Sunday, January 7, 2018

Winter Well

For as long as I can remember, I have endured Winter.
I have no enjoyed it.
I have not delighted in it, used it, anticipated it, or waited for it with bated breath.

I have known, like any New Englander (and while not one by birth, I believe my 20 odd years of New England winters should designate me at least the honorary claim), that
Winter Was Coming And I Needed To Prepare.

As a child in Canada, I found winter mesmerizing at first. Coming from a place like Australia, where the winters were comparable to the best possible slightly drizzly day in late May according to Canadian Meteorological rules, I found the relentless deposits of snow and blistering cold to be fascinating in the way that only a child can be fascinated by things that can kill her.

I made snow men. I snowshoed. I skied.
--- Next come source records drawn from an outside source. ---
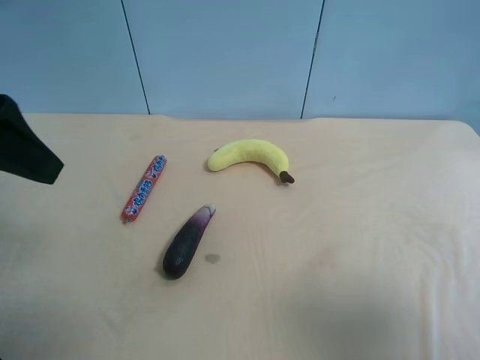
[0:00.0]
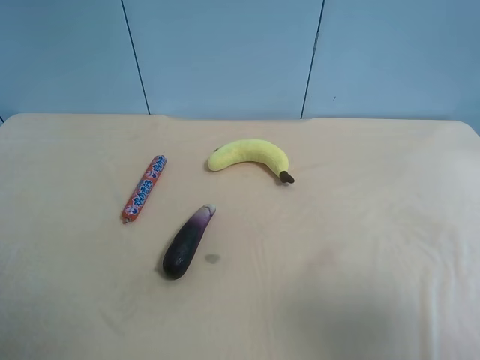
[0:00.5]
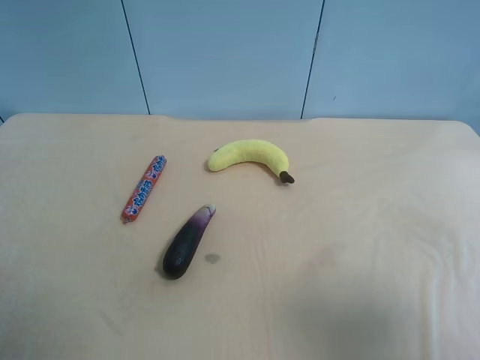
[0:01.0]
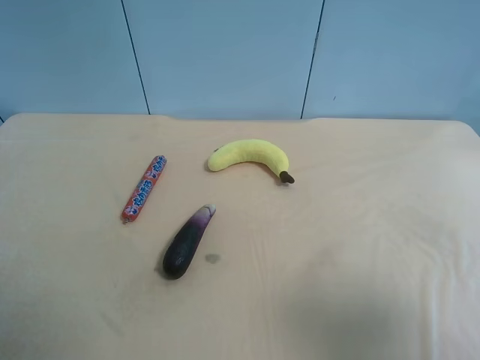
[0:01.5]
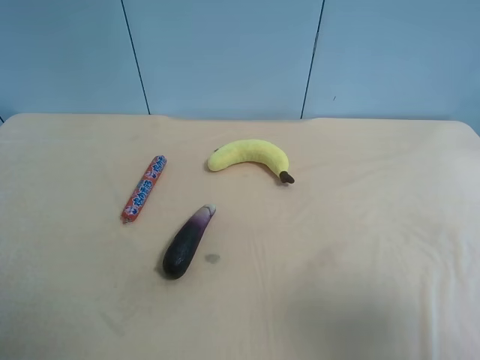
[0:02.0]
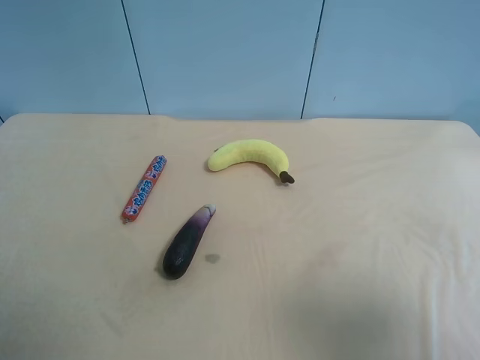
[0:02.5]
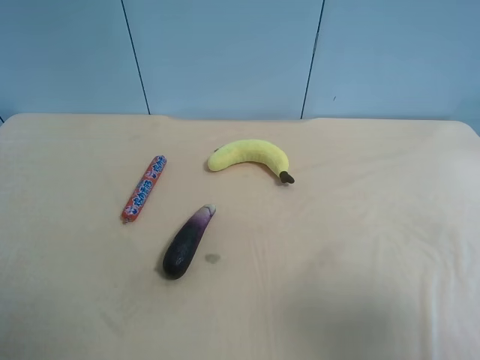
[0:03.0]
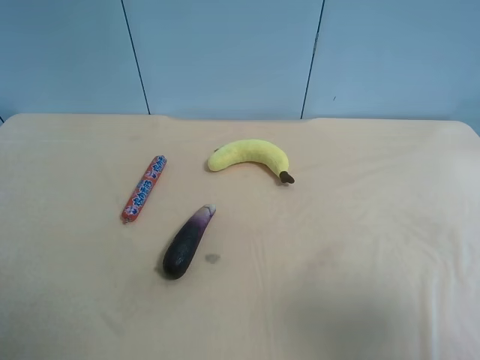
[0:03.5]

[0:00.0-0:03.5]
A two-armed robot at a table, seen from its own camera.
Task of the whole recording: use the right gripper to pick up the item and transfer it from the right gripper to the left gripper.
0:00.0 to 0:02.0: The left gripper moves backward and downward, roughly 15 cm.
0:02.0 to 0:03.5: The two grippers keep their place.

I tried ice skating and wasn't terrible at it. I shoveled and was abysmal at it. I learned how to tie a scarf around my face and pull my hat down in negative forty degree weather so that only your eyes were exposed, and then I learned what frozen eyelashes felt like.

When we moved to Maine, the luster had very much rubbed off of Winter.
As a teenager I was required to be moody and hate everything, and so I hated Winter fiercely.
I hated it for keeping me indoors (when all I wanted to do was read anyway).
I hated it for the shoveling my parents demanded I do every time there was a blizzard.
I hated it for the feeling of cold that seeped into my bones and which could only be driven away by gaining five to ten pounds in three months and as a teenage girl this was the kind of Catch 22 that made one suicidal.
By the time I had enough fat on me to keep the cold away, the cold went away on its own, and it was presumed that I should be ready to strut around in the shortest of denim shorts and flimsiest sundresses as only true New England girls do once the thermometer goes above 50 outside.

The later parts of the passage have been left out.